Student-teacher interaction is one of the main ways in which the learning can be achieved. In classroom during laboratory practice, interaction takes a special role as it is both a way of learning and the object of study of pedagogy. The first works of research regarding interaction and learning from a socio-cultural perspective based on the description of typical classroom interaction patterns were conducted by Barnes [1], Cazden [2], and Mehan [3]. One of the first descriptions were provided by Sinclair &Coulthand [4]. They describe what turned out to be the basic unit of classroom interaction: the IAE (Intervention, Answer and Evaluation). It is the teacher’s duty to obtain information (I) from every student, to determine if each one of them knows the material. This is accomplished with a previously known question-answer to which a brief answer (A) from the student is expected. The teacher then proceeds to evaluate the student (E) with common phrases, like “Okay”, “That’s correct” or “No, that’s not okay”. After completing a sequence with a particular student, the teacher is expected to begin another round with follow-up questions directed to the same or to a different student. Many subsequent investigations about classroom interaction have revealed the ubiquity of the IAE pattern in Western education, from pre-school to college [1, 2, 3, 5, 6, 7, 8].

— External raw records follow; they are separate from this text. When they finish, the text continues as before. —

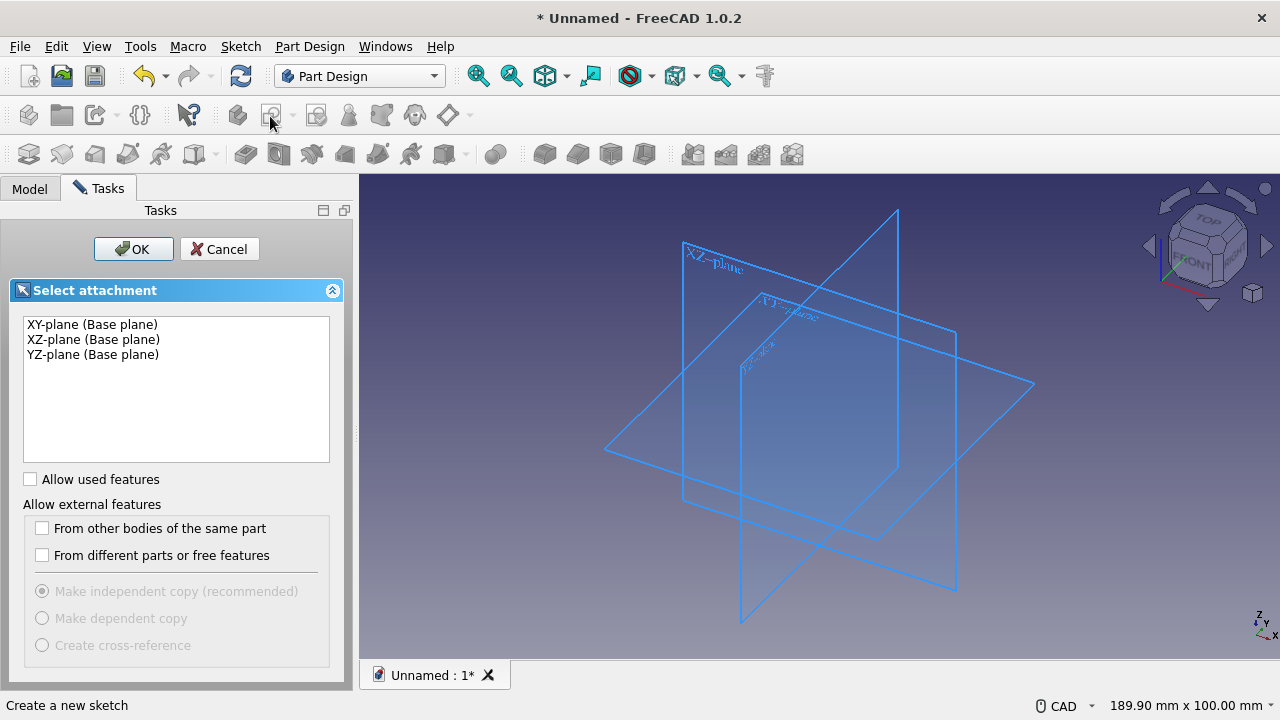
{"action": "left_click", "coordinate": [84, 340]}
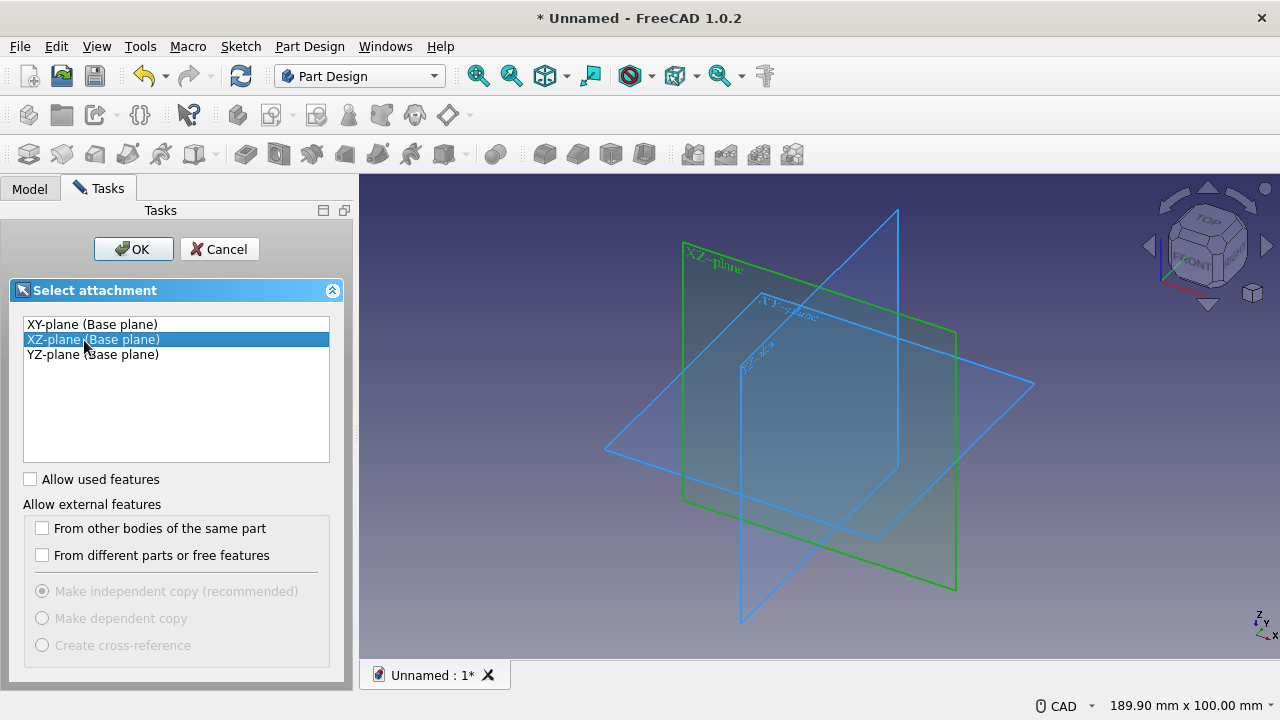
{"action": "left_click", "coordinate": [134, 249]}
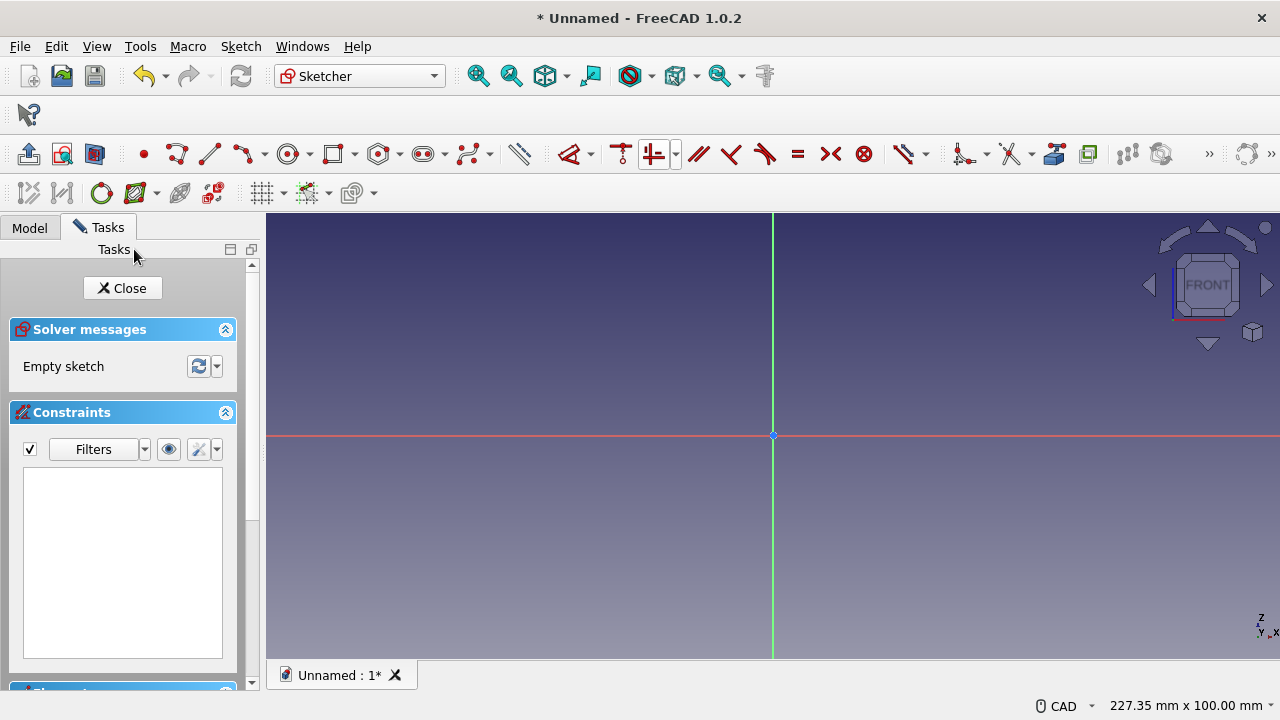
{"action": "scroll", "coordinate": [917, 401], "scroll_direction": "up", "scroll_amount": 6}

Aside from describing the common speech patterns in the classroom, other researchers has tried to establish links between the IAE pattern of the language use and the development of language. For example it was Kelly Hall [9] who, in a study of the speech in basic linguistics classroom, revealed how the use of IAE often favored the teacher’s control over the interactions instead of favoring the understanding of the whole topic. In the same way, Barnes [1] found that the frequent use of the IAE pattern of interaction didn’t benefit complex ways of communication between the teacher and the students because it was the teacher the one who decided who will participate, otherwise there could be better feedback if the decision of participation is taken by the students. Barnes [1] reached the conclusion that the extended use of the IAE heavily limits the students’ chances to speak with their own words and test their ideas regarding the topic, also in general, restrict the student to the possibility of being more competent during their language classes.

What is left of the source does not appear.